太地町が民間に売却の国民宿舎「白鯨」再スタート

 ハリハリ鍋や刺し身、竜田揚げ-。クジラ料理を存分に楽しめる太地町の町営国民宿舎「白鯨」が、那智勝浦町のビル総合メンテナンス会社「山永サービス」に売却され、4月1日から「いさなの宿『白鯨』」として新しくスタートすることになった。民間のアイデアを生かしながら、クジラの町のPRへ期待がかかる。

 「白鯨」は昭和42年5月にオープンし、鉄筋コンクリート5階建てで延べ約2300平方メートル、客室が27部屋あり最大126人が宿泊できる。2年後には町立くじらの博物館が開館し、捕鯨だけでなく観光の町としての拠点になった。

 支配人は、町産業建設課長が兼務。久保亨一課長は「クジラ料理を存分に楽しめるだけでなく、客室から海が一望できリピーターも多い」と話す。昭和57年の国際捕鯨委員会(IWC)で商業捕鯨の停止が採択されて以降は、南氷洋や地元などで水揚げされたクジラ料理が食べられるとあって、ファンに人気があった。

 平成8年度には最高の約1万5700人の宿泊客が訪れ、11年度には約1万2600人が宿泊したものの、食事で利用する客が思うように伸びなかったことなどから赤字に転落。同町の観光客数も、同8年の45万人から11年には36万人に減少。町は20年度から24年度まで助成金として約8500万円を拠出したが、宿泊客数は7千~8千人程度に落ち込んだままだった。
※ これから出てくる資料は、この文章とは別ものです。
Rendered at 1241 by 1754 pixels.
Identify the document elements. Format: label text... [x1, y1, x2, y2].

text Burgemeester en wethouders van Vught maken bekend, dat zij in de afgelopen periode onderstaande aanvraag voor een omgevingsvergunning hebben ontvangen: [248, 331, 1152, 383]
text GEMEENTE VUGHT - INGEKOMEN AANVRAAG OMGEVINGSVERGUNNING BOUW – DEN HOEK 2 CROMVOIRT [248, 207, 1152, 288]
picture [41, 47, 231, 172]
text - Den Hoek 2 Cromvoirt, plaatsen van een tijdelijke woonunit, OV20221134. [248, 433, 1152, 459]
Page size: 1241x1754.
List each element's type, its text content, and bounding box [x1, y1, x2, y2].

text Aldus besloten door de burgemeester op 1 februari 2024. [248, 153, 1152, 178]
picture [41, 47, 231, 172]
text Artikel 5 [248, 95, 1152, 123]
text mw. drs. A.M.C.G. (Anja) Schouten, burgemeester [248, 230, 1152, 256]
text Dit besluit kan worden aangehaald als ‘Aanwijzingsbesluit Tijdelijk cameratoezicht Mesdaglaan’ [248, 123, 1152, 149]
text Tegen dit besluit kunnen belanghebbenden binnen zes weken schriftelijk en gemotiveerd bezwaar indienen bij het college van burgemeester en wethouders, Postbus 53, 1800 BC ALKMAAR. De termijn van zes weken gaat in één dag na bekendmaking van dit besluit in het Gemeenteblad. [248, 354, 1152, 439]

 町は昨年9月、10年間は現在と同様の形態で営業することなどを条件に、売却先を公募。同社が約1350万円で買い取った。施設の名称は「白鯨」を残しながら、古くからクジラを意味する言葉の「いさな」を加えた。3月は一時休業して内装などの改修を進め、4月1日から運営することになった。
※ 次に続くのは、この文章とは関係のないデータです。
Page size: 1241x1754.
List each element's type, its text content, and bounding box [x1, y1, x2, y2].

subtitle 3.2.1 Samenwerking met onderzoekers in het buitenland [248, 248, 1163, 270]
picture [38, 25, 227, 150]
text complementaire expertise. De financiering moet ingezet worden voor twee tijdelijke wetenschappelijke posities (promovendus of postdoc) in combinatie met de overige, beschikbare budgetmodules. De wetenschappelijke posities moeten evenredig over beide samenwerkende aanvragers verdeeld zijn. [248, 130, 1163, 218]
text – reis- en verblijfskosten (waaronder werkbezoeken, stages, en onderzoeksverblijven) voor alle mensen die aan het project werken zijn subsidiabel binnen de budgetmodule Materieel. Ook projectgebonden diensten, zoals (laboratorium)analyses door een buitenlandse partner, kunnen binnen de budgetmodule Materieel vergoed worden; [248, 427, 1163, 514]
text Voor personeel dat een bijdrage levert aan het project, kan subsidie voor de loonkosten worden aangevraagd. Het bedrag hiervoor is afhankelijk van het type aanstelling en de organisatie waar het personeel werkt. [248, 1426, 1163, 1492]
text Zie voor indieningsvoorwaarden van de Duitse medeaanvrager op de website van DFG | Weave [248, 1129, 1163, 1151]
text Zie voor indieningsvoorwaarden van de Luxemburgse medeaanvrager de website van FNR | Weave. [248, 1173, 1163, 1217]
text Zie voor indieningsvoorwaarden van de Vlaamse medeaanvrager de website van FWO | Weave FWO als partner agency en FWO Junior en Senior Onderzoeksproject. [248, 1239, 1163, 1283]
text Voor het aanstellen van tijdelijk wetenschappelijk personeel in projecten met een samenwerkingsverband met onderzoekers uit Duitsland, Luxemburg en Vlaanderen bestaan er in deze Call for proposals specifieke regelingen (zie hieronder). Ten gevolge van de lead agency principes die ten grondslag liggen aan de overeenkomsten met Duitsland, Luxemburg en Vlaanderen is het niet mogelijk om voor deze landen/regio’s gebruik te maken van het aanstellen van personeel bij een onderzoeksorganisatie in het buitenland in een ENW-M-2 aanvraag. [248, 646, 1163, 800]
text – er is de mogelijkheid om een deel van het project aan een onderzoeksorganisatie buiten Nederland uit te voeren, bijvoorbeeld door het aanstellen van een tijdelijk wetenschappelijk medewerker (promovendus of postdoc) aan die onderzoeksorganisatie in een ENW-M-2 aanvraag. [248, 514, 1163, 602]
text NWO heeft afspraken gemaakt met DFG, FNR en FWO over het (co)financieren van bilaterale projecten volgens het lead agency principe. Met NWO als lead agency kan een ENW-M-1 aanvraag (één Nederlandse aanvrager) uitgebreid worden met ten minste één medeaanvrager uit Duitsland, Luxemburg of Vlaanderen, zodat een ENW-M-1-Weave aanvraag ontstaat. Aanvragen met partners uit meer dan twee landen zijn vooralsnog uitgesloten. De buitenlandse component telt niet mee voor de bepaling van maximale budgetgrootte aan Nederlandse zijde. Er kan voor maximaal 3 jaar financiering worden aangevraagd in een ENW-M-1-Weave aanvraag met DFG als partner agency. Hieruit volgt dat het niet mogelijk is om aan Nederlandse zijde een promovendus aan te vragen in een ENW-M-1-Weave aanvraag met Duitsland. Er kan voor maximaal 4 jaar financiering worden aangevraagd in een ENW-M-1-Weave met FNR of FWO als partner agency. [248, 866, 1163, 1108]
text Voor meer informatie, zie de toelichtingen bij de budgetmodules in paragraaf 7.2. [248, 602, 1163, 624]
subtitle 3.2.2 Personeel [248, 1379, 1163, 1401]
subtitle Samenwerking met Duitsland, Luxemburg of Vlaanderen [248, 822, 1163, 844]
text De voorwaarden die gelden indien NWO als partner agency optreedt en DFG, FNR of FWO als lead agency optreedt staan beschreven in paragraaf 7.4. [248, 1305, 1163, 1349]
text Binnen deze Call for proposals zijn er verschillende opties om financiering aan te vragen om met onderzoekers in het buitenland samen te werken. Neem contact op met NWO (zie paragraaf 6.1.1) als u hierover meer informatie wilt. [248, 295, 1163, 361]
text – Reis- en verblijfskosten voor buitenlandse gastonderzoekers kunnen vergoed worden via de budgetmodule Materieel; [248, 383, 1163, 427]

 久保課長は「ファンの多い愛される施設だったので、民間のアイデアを入れてもらいながら、さらに愛される施設にしていただければ」と話した。

 4月から支配人となる同社白鯨準備室の瓜田章さん(42)は「人気のクジラ料理を広く食べに来ていただくとともに、喫茶コーナーや温泉など地域の人にいっそう親しまれる施設にしていきたい」と意気込みを語った。